The emergence of George Washington has been one of the joys of this season, not simply making regionals as they did last year but spending most of the season in the top 25 and becoming a realistic threat for 196s. With none of the current lineup routines coming from seniors and the majority of important scores coming from sophomores, there’s every reason to expect George Washington’s ascent to continue next season and for seasons after. Making some real noise at a regional competition is still several steps away, but individual qualification is a realistic possibility. It will also be interesting to see how vaults like Winstanley’s are scored in the same meet as Gnat, Jay, Rogers, etc. How is hers evaluated directly against the name-brand vaults?

Michigan State was the very last qualifier to regionals, enduring a nail-biting day to stay ahead of NC State by the slimmest of margins. Qualifying was the victory, but MSU has produced some impressively 49 floor rotations over the last couple weeks, so check them out as a team that could/should finish in the top three on floor, especially with ending on that event. A relatively competitive team total that challenges the high 195s is not out of the question in spite of qualifying in 36th.

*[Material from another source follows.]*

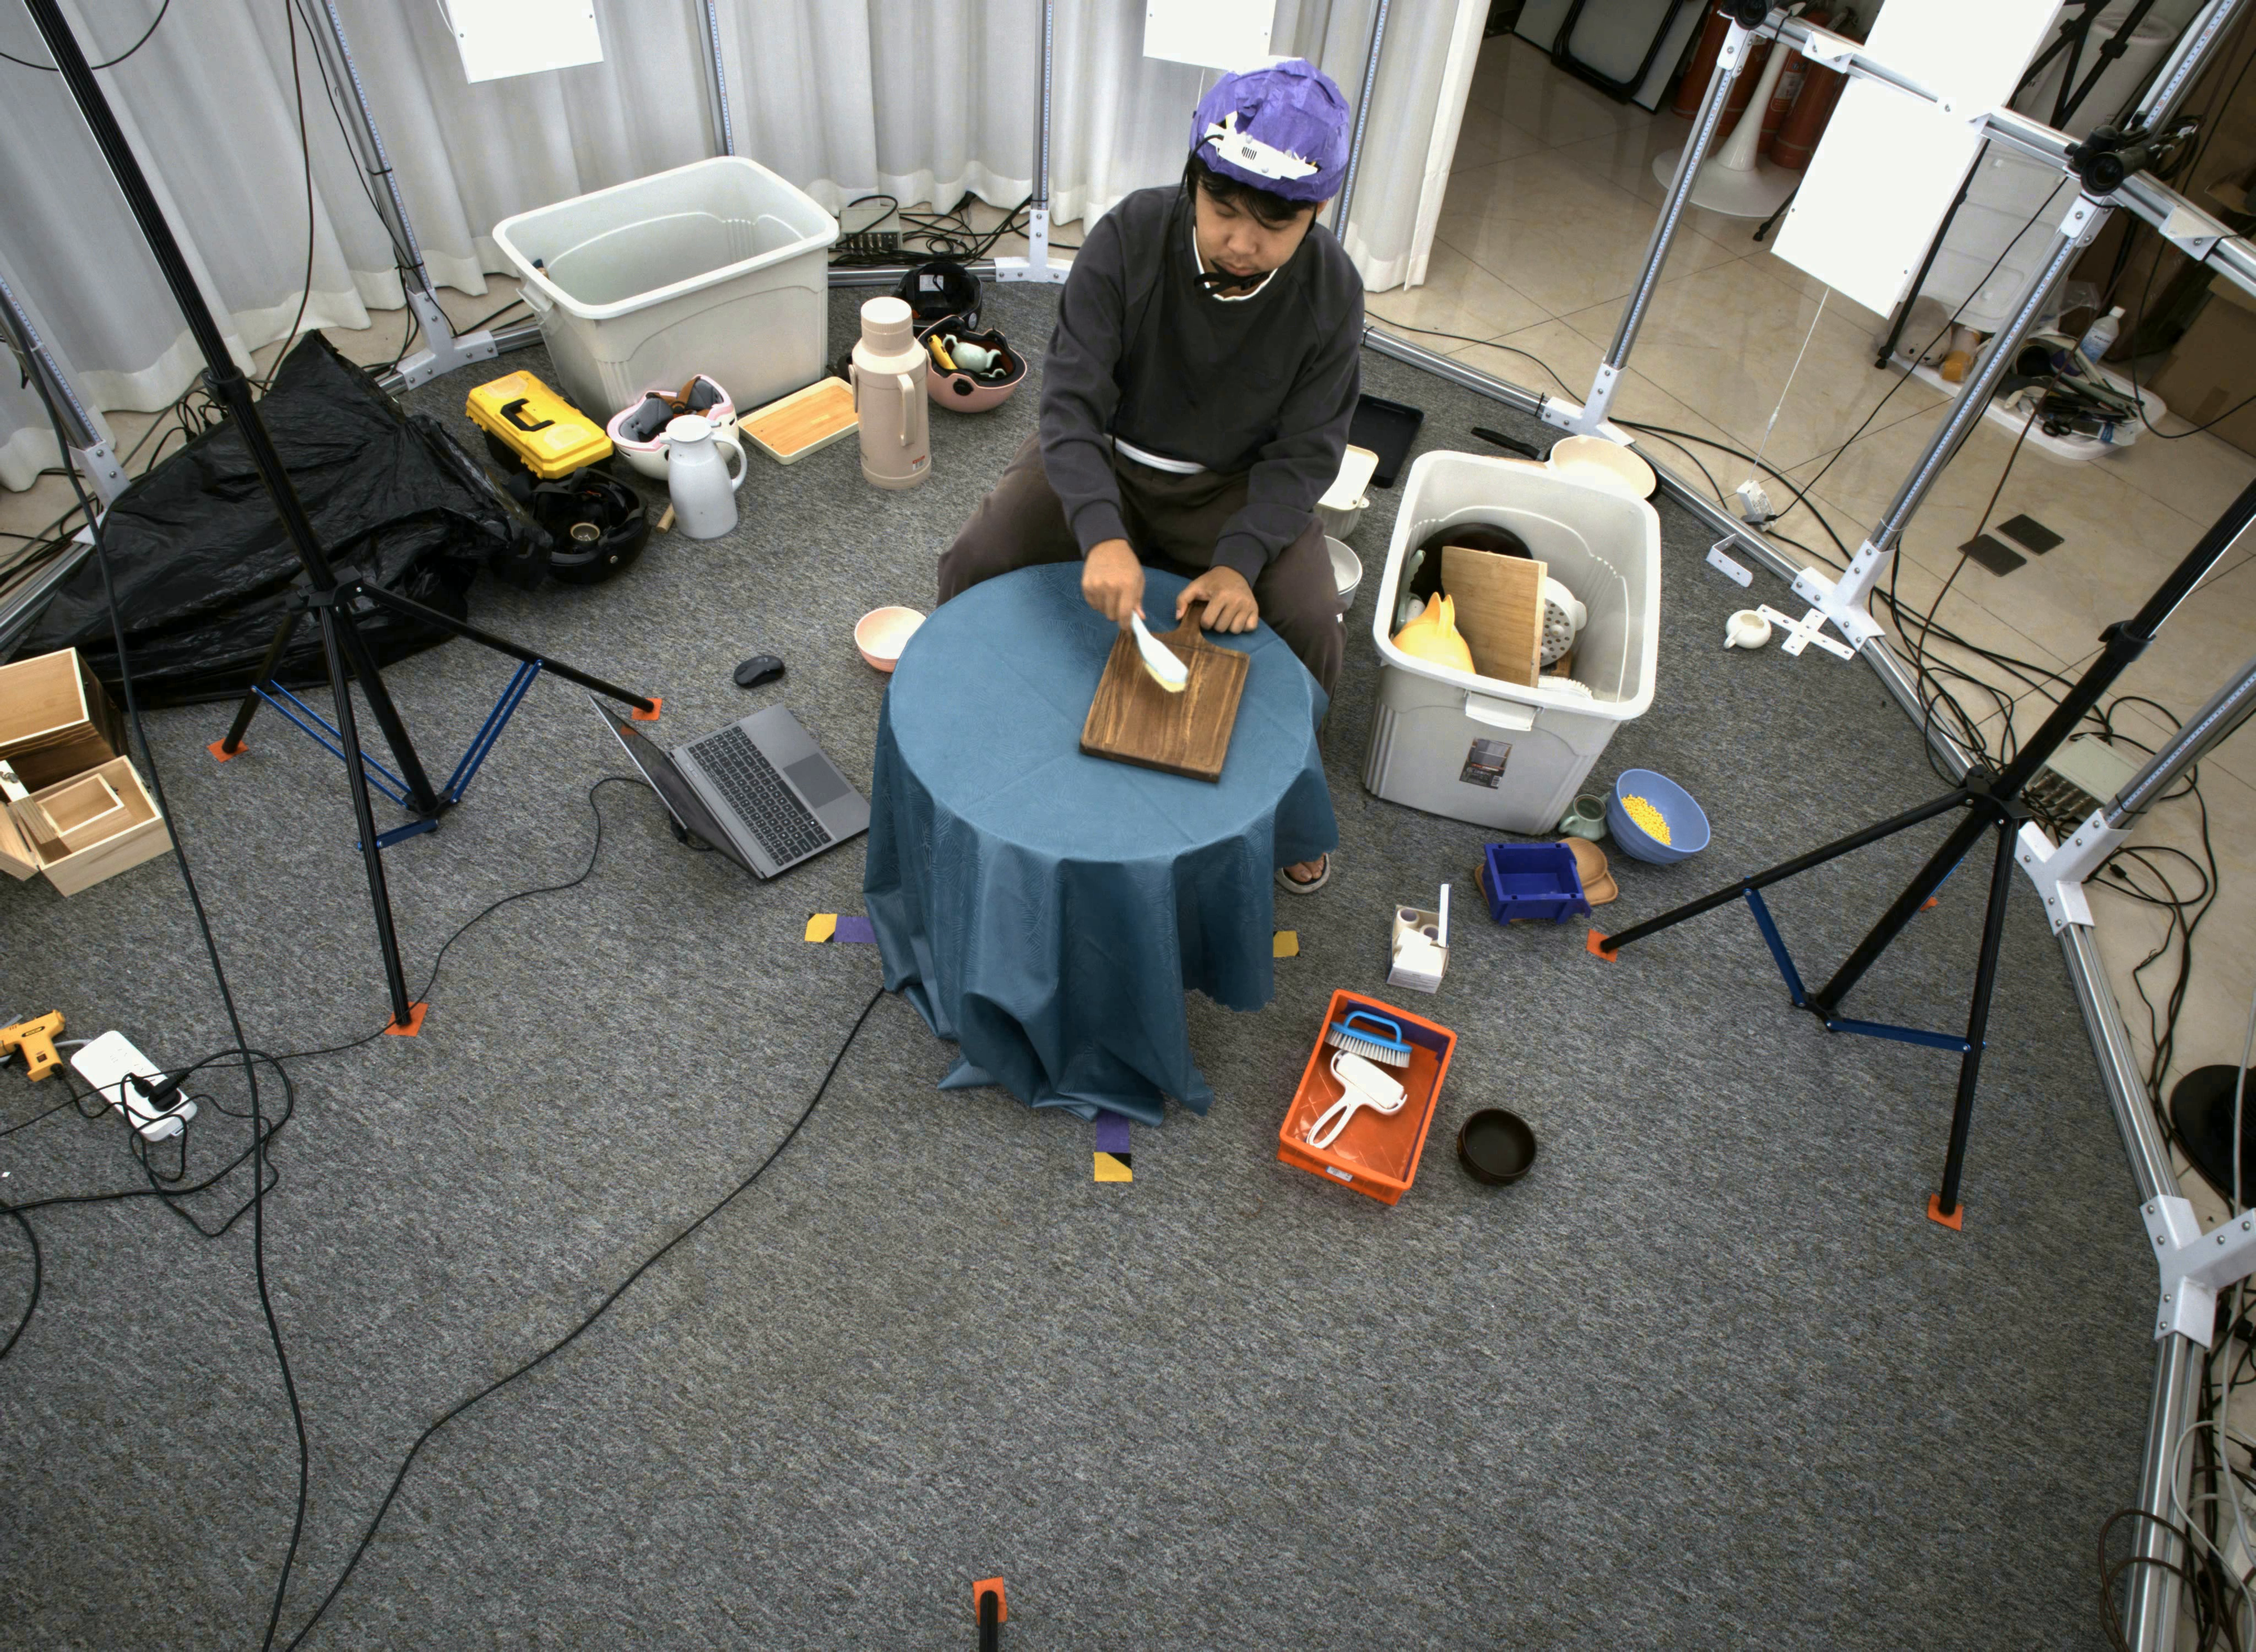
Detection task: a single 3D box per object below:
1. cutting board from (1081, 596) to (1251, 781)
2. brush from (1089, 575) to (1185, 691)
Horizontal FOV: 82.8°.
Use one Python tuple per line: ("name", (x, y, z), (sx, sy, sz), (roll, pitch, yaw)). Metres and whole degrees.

If Georgia doesn’t make it, then Brandie Jay is of course a likely AA qualifier (Rogers would be as well, but it seems she’s off floor now that Reynolds is back), but if we assume that LSU and Georgia qualify to nationals as the two teams, things get a little interesting. Maddie Gardiner would be expected to take up the Official Chelsea Tang Individual Spot now that Tang has graduated, but Arizona doesn’t compete an AAer, opening up what looks like it’s going to be a guaranteed AA spot for one of the two lowest-seeded teams.

Last year, Cami Drouin-Allaire of GWU pulled off the big upset by qualifying to nationals as an individual, and this year it looks like she and Jillian Winstanley could be in an intra-team battle for an AA spot once again. The two have been swapping places as AA winners and scoring very equivalent totals all season, so it could go either way. Keeping an eye on the back-and-forth scores for those two will be an interesting side story at this regional.

I also wouldn’t discount Lisa Burt of Michigan State who has saved the meet for that team more times than can even be counted over her career. She’s very capable of 9.850ing her way to a strong total. The fourth option for that final spot is probably DeMoura for George Washington, but her scoring potential tends to be a touch lower than that of Drouin-Allaire and Winstanley, so if George Washington is having a good day, expect the CDA and Winstanley totals to be the more competitive ones.

But unless things get really crazy in this competition, it looks like there will be just six AAers (add in Brittany Holmes of MSU) who don’t qualify with a team and are fighting for those two spots, five of whom come from the lowest seeds, so it won’t take all that many mistakes for any of the six to sneak in.

2 thoughts on “Georgia Regional Preview”

  1. If Brittni Watkins stays on beam, I think she's got an excellent chance of nabbing an AA spot. She made nationals last year and she's had a strong second half of the season aside from some Georgia-like beam miscues.